"The Batman" Cinematographer Discusses Long-Take Action Scenes


 

The Batman is currently in theaters gaining quite the acclaim and raking in $128 million it's opening weekend at the domestic box office. One of the aspects that drew us in, as our review points out, was the immersive nature of the story. The in's and out's of the Gotham City that favored intimacy in each scene rather than a more fast-paced, traditional blockbuster feel that has become the framework for superhero films. Another way, as it turns out, that director Matt Reeves immersed the audience was the use of long takes in the action sequences, courtesy of the film's cinematographer Greig Fraser.


Fraser is also up for the Academy Award for Best Cinematography this year for his work on Dune, but his filmography consists of many great films including Zero Dark Thirty, Rogue One: A Star Wars Story, and several episodes of The Mandalorian. However, before any of those, he first worked with Reeves on the director's 2010 film Let Me In. And with their new collaboration, it became obvious early on that they wanted audiences to really take in each scene, revealed in a new interview Fraser had with Variety:

"I’m maybe showing my age a little bit here, mate.
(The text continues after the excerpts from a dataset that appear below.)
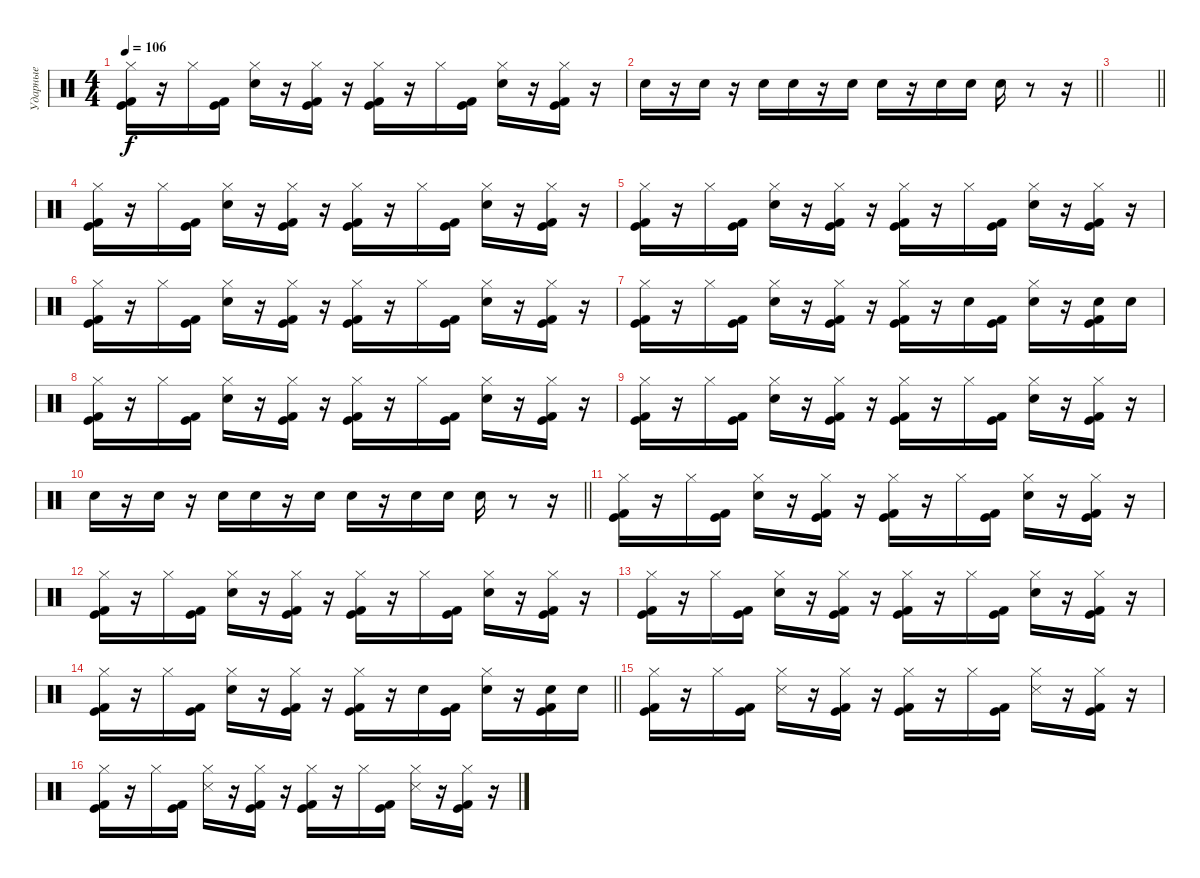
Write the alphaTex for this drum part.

\track ("Ударные" "Ударные") {instrument percussion}
\staff {score}
\articulation defaults
\ts (4 4)
\tempo 106
\clef neutral
\ks c
("Hi-Hat (closed)" "Kick (hit) 2" "Kick (hit)").16{dy f} r.16 "Hi-Hat (closed)".16 ("Kick (hit) 2" "Kick (hit)").16 ("Hi-Hat (closed)" "Electric Snare (hit)").16 r.16 ("Hi-Hat (closed)" "Kick (hit) 2" "Kick (hit)").16 r.16 ("Hi-Hat (closed)" "Kick (hit) 2" "Kick (hit)").16 r.16 "Hi-Hat (closed)".16 ("Kick (hit) 2" "Kick (hit)").16 ("Hi-Hat (closed)" "Electric Snare (hit)").16 r.16 ("Hi-Hat (closed)" "Kick (hit) 2" "Kick (hit)").16 r.16 |
\barLineRight lightlight "Electric Snare (hit)".16
r.16 "Electric Snare (hit)".16 r.16 "Electric Snare (hit)".16 "Electric Snare (hit)".16 r.16 "Electric Snare (hit)".16 "Electric Snare (hit)".16 r.16 "Electric Snare (hit)".16 "Electric Snare (hit)".16 "Electric Snare (hit)".16 r.8 r.16 |
\barLineRight lightlight
|
("Hi-Hat (closed)" "Kick (hit) 2" "Kick (hit)").16 r.16 "Hi-Hat (closed)".16 ("Kick (hit) 2" "Kick (hit)").16 ("Hi-Hat (closed)" "Electric Snare (hit)").16 r.16 ("Hi-Hat (closed)" "Kick (hit) 2" "Kick (hit)").16 r.16 ("Hi-Hat (closed)" "Kick (hit) 2" "Kick (hit)").16 r.16 "Hi-Hat (closed)".16 ("Kick (hit) 2" "Kick (hit)").16 ("Hi-Hat (closed)" "Electric Snare (hit)").16 r.16 ("Hi-Hat (closed)" "Kick (hit) 2" "Kick (hit)").16 r.16 |
("Hi-Hat (closed)" "Kick (hit) 2" "Kick (hit)").16 r.16 "Hi-Hat (closed)".16 ("Kick (hit) 2" "Kick (hit)").16 ("Hi-Hat (closed)" "Electric Snare (hit)").16 r.16 ("Hi-Hat (closed)" "Kick (hit) 2" "Kick (hit)").16 r.16 ("Hi-Hat (closed)" "Kick (hit) 2" "Kick (hit)").16 r.16 "Hi-Hat (closed)".16 ("Kick (hit) 2" "Kick (hit)").16 ("Hi-Hat (closed)" "Electric Snare (hit)").16 r.16 ("Hi-Hat (closed)" "Kick (hit) 2" "Kick (hit)").16 r.16 |
("Hi-Hat (closed)" "Kick (hit) 2" "Kick (hit)").16 r.16 "Hi-Hat (closed)".16 ("Kick (hit) 2" "Kick (hit)").16 ("Hi-Hat (closed)" "Electric Snare (hit)").16 r.16 ("Hi-Hat (closed)" "Kick (hit) 2" "Kick (hit)").16 r.16 ("Hi-Hat (closed)" "Kick (hit) 2" "Kick (hit)").16 r.16 "Hi-Hat (closed)".16 ("Kick (hit) 2" "Kick (hit)").16 ("Hi-Hat (closed)" "Electric Snare (hit)").16 r.16 ("Hi-Hat (closed)" "Kick (hit) 2" "Kick (hit)").16 r.16 |
("Hi-Hat (closed)" "Kick (hit) 2" "Kick (hit)").16 r.16 "Hi-Hat (closed)".16 ("Kick (hit) 2" "Kick (hit)").16 ("Hi-Hat (closed)" "Electric Snare (hit)").16 r.16 ("Hi-Hat (closed)" "Kick (hit) 2" "Kick (hit)").16 r.16 ("Hi-Hat (closed)" "Kick (hit) 2" "Kick (hit)").16 r.16 "Electric Snare (hit)".16 ("Kick (hit) 2" "Kick (hit)").16 ("Hi-Hat (closed)" "Electric Snare (hit)").16 r.16 ("Electric Snare (hit)" "Kick (hit) 2" "Kick (hit)").16 "Electric Snare (hit)".16 |
("Hi-Hat (closed)" "Kick (hit) 2" "Kick (hit)").16 r.16 "Hi-Hat (closed)".16 ("Kick (hit) 2" "Kick (hit)").16 ("Hi-Hat (closed)" "Electric Snare (hit)").16 r.16 ("Hi-Hat (closed)" "Kick (hit) 2" "Kick (hit)").16 r.16 ("Hi-Hat (closed)" "Kick (hit) 2" "Kick (hit)").16 r.16 "Hi-Hat (closed)".16 ("Kick (hit) 2" "Kick (hit)").16 ("Hi-Hat (closed)" "Electric Snare (hit)").16 r.16 ("Hi-Hat (closed)" "Kick (hit) 2" "Kick (hit)").16 r.16 |
("Hi-Hat (closed)" "Kick (hit) 2" "Kick (hit)").16 r.16 "Hi-Hat (closed)".16 ("Kick (hit) 2" "Kick (hit)").16 ("Hi-Hat (closed)" "Electric Snare (hit)").16 r.16 ("Hi-Hat (closed)" "Kick (hit) 2" "Kick (hit)").16 r.16 ("Hi-Hat (closed)" "Kick (hit) 2" "Kick (hit)").16 r.16 "Hi-Hat (closed)".16 ("Kick (hit) 2" "Kick (hit)").16 ("Hi-Hat (closed)" "Electric Snare (hit)").16 r.16 ("Hi-Hat (closed)" "Kick (hit) 2" "Kick (hit)").16 r.16 |
\barLineRight lightlight "Electric Snare (hit)".16
r.16 "Electric Snare (hit)".16 r.16 "Electric Snare (hit)".16 "Electric Snare (hit)".16 r.16 "Electric Snare (hit)".16 "Electric Snare (hit)".16 r.16 "Electric Snare (hit)".16 "Electric Snare (hit)".16 "Electric Snare (hit)".16 r.8 r.16 |
("Hi-Hat (closed)" "Kick (hit) 2" "Kick (hit)").16 r.16 "Hi-Hat (closed)".16 ("Kick (hit) 2" "Kick (hit)").16 ("Hi-Hat (closed)" "Electric Snare (hit)").16 r.16 ("Hi-Hat (closed)" "Kick (hit) 2" "Kick (hit)").16 r.16 ("Hi-Hat (closed)" "Kick (hit) 2" "Kick (hit)").16 r.16 "Hi-Hat (closed)".16 ("Kick (hit) 2" "Kick (hit)").16 ("Hi-Hat (closed)" "Electric Snare (hit)").16 r.16 ("Hi-Hat (closed)" "Kick (hit) 2" "Kick (hit)").16 r.16 |
("Hi-Hat (closed)" "Kick (hit) 2" "Kick (hit)").16 r.16 "Hi-Hat (closed)".16 ("Kick (hit) 2" "Kick (hit)").16 ("Hi-Hat (closed)" "Electric Snare (hit)").16 r.16 ("Hi-Hat (closed)" "Kick (hit) 2" "Kick (hit)").16 r.16 ("Hi-Hat (closed)" "Kick (hit) 2" "Kick (hit)").16 r.16 "Hi-Hat (closed)".16 ("Kick (hit) 2" "Kick (hit)").16 ("Hi-Hat (closed)" "Electric Snare (hit)").16 r.16 ("Hi-Hat (closed)" "Kick (hit) 2" "Kick (hit)").16 r.16 |
("Hi-Hat (closed)" "Kick (hit) 2" "Kick (hit)").16 r.16 "Hi-Hat (closed)".16 ("Kick (hit) 2" "Kick (hit)").16 ("Hi-Hat (closed)" "Electric Snare (hit)").16 r.16 ("Hi-Hat (closed)" "Kick (hit) 2" "Kick (hit)").16 r.16 ("Hi-Hat (closed)" "Kick (hit) 2" "Kick (hit)").16 r.16 "Hi-Hat (closed)".16 ("Kick (hit) 2" "Kick (hit)").16 ("Hi-Hat (closed)" "Electric Snare (hit)").16 r.16 ("Hi-Hat (closed)" "Kick (hit) 2" "Kick (hit)").16 r.16 |
\barLineRight lightlight
("Hi-Hat (closed)" "Kick (hit) 2" "Kick (hit)").16 r.16 "Hi-Hat (closed)".16 ("Kick (hit) 2" "Kick (hit)").16 ("Hi-Hat (closed)" "Electric Snare (hit)").16 r.16 ("Hi-Hat (closed)" "Kick (hit) 2" "Kick (hit)").16 r.16 ("Hi-Hat (closed)" "Kick (hit) 2" "Kick (hit)").16 r.16 "Electric Snare (hit)".16 ("Kick (hit) 2" "Kick (hit)").16 ("Hi-Hat (closed)" "Electric Snare (hit)").16 r.16 ("Electric Snare (hit)" "Kick (hit) 2" "Kick (hit)").16 "Electric Snare (hit)".16 |
("Hi-Hat (closed)" "Kick (hit) 2" "Kick (hit)").16 r.16 "Hi-Hat (closed)".16 ("Kick (hit) 2" "Kick (hit)").16 ("Hi-Hat (closed)" "Snare (side stick) 3").16 r.16 ("Hi-Hat (closed)" "Kick (hit) 2" "Kick (hit)").16 r.16 ("Hi-Hat (closed)" "Kick (hit) 2" "Kick (hit)").16 r.16 "Hi-Hat (closed)".16 ("Kick (hit) 2" "Kick (hit)").16 ("Hi-Hat (closed)" "Snare (side stick) 3").16 r.16 ("Hi-Hat (closed)" "Kick (hit) 2" "Kick (hit)").16 r.16 |
("Hi-Hat (closed)" "Kick (hit) 2" "Kick (hit)").16 r.16 "Hi-Hat (closed)".16 ("Kick (hit) 2" "Kick (hit)").16 ("Hi-Hat (closed)" "Snare (side stick) 3").16 r.16 ("Hi-Hat (closed)" "Kick (hit) 2" "Kick (hit)").16 r.16 ("Hi-Hat (closed)" "Kick (hit) 2" "Kick (hit)").16 r.16 "Hi-Hat (closed)".16 ("Kick (hit) 2" "Kick (hit)").16 ("Hi-Hat (closed)" "Snare (side stick) 3").16 r.16 ("Hi-Hat (closed)" "Kick (hit) 2" "Kick (hit)").16 r.16

I hate to say this, but I kind of have a bit of a short attention span, or I have problems when things become too flashy. Maybe it’s not an age thing. Maybe I am the conscious version of an audience member’s subconscious. I believe, and this is if you want the Gospel according to Greig, when an image comes up on screen, it takes you half a second, subconsciously, to work out where you are, what you are, who it is and what you’re doing. If you’ve got edits that are one second long, then it’s distracting you from actually telling the story properly. I feel like you need to simplify the image, so that when it flashes on the screen, you read it as fast as possible. And that doesn’t necessarily mean no production design or no feeling or no mood. It just means you’ve got to have focus and simplicity to the image."

Another major praise for the film was it's bleak and intense tone. The action could have easily broken the trance this brooding story cast on the audience. Without a doubt, Fraser has earned that Oscar nomination and we wish him the best of luck at the Academy Awards! Stay tuned!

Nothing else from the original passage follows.